When you reach the line containing "import webbrowser" in the entries below, start writing out each line exactly, and stop after the line containing "the deploy batch".
===== PROVIDED ENTRIES =====
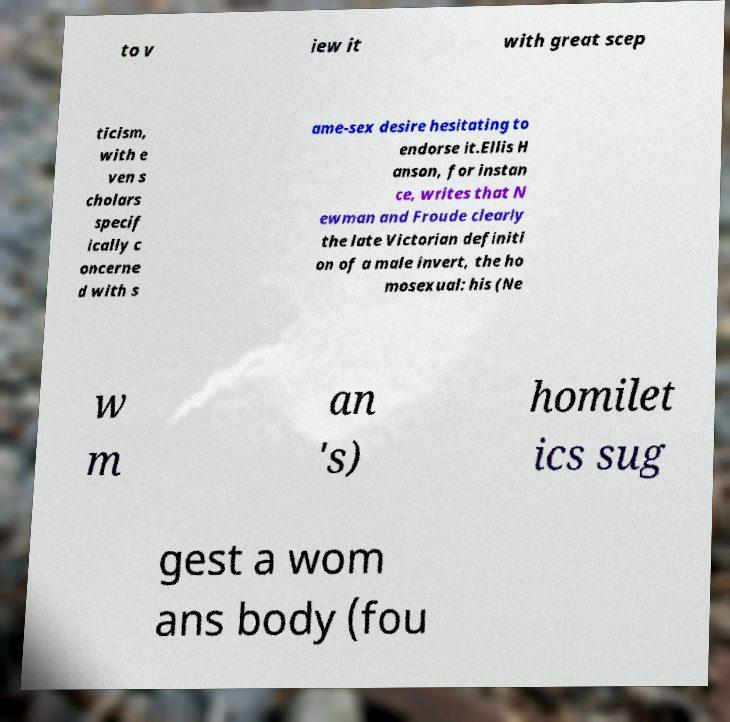Please identify and transcribe the text found in this image. to v iew it with great scep ticism, with e ven s cholars specif ically c oncerne d with s ame-sex desire hesitating to endorse it.Ellis H anson, for instan ce, writes that N ewman and Froude clearly the late Victorian definiti on of a male invert, the ho mosexual: his (Ne w m an 's) homilet ics sug gest a wom ans body (fou 
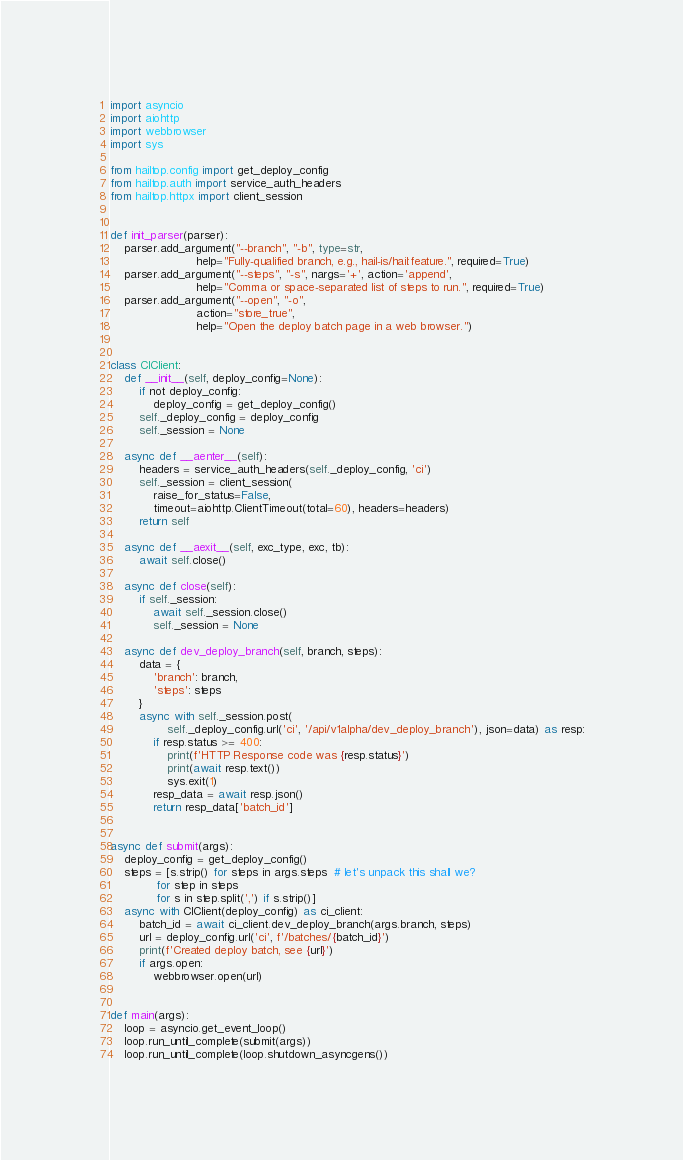<code> <loc_0><loc_0><loc_500><loc_500><_Python_>import asyncio
import aiohttp
import webbrowser
import sys

from hailtop.config import get_deploy_config
from hailtop.auth import service_auth_headers
from hailtop.httpx import client_session


def init_parser(parser):
    parser.add_argument("--branch", "-b", type=str,
                        help="Fully-qualified branch, e.g., hail-is/hail:feature.", required=True)
    parser.add_argument("--steps", "-s", nargs='+', action='append',
                        help="Comma or space-separated list of steps to run.", required=True)
    parser.add_argument("--open", "-o",
                        action="store_true",
                        help="Open the deploy batch page in a web browser.")


class CIClient:
    def __init__(self, deploy_config=None):
        if not deploy_config:
            deploy_config = get_deploy_config()
        self._deploy_config = deploy_config
        self._session = None

    async def __aenter__(self):
        headers = service_auth_headers(self._deploy_config, 'ci')
        self._session = client_session(
            raise_for_status=False,
            timeout=aiohttp.ClientTimeout(total=60), headers=headers)
        return self

    async def __aexit__(self, exc_type, exc, tb):
        await self.close()

    async def close(self):
        if self._session:
            await self._session.close()
            self._session = None

    async def dev_deploy_branch(self, branch, steps):
        data = {
            'branch': branch,
            'steps': steps
        }
        async with self._session.post(
                self._deploy_config.url('ci', '/api/v1alpha/dev_deploy_branch'), json=data) as resp:
            if resp.status >= 400:
                print(f'HTTP Response code was {resp.status}')
                print(await resp.text())
                sys.exit(1)
            resp_data = await resp.json()
            return resp_data['batch_id']


async def submit(args):
    deploy_config = get_deploy_config()
    steps = [s.strip() for steps in args.steps  # let's unpack this shall we?
             for step in steps
             for s in step.split(',') if s.strip()]
    async with CIClient(deploy_config) as ci_client:
        batch_id = await ci_client.dev_deploy_branch(args.branch, steps)
        url = deploy_config.url('ci', f'/batches/{batch_id}')
        print(f'Created deploy batch, see {url}')
        if args.open:
            webbrowser.open(url)


def main(args):
    loop = asyncio.get_event_loop()
    loop.run_until_complete(submit(args))
    loop.run_until_complete(loop.shutdown_asyncgens())
</code>
=====
EXERCISE RESPONSE.
import webbrowser
import sys

from hailtop.config import get_deploy_config
from hailtop.auth import service_auth_headers
from hailtop.httpx import client_session


def init_parser(parser):
    parser.add_argument("--branch", "-b", type=str,
                        help="Fully-qualified branch, e.g., hail-is/hail:feature.", required=True)
    parser.add_argument("--steps", "-s", nargs='+', action='append',
                        help="Comma or space-separated list of steps to run.", required=True)
    parser.add_argument("--open", "-o",
                        action="store_true",
                        help="Open the deploy batch page in a web browser.")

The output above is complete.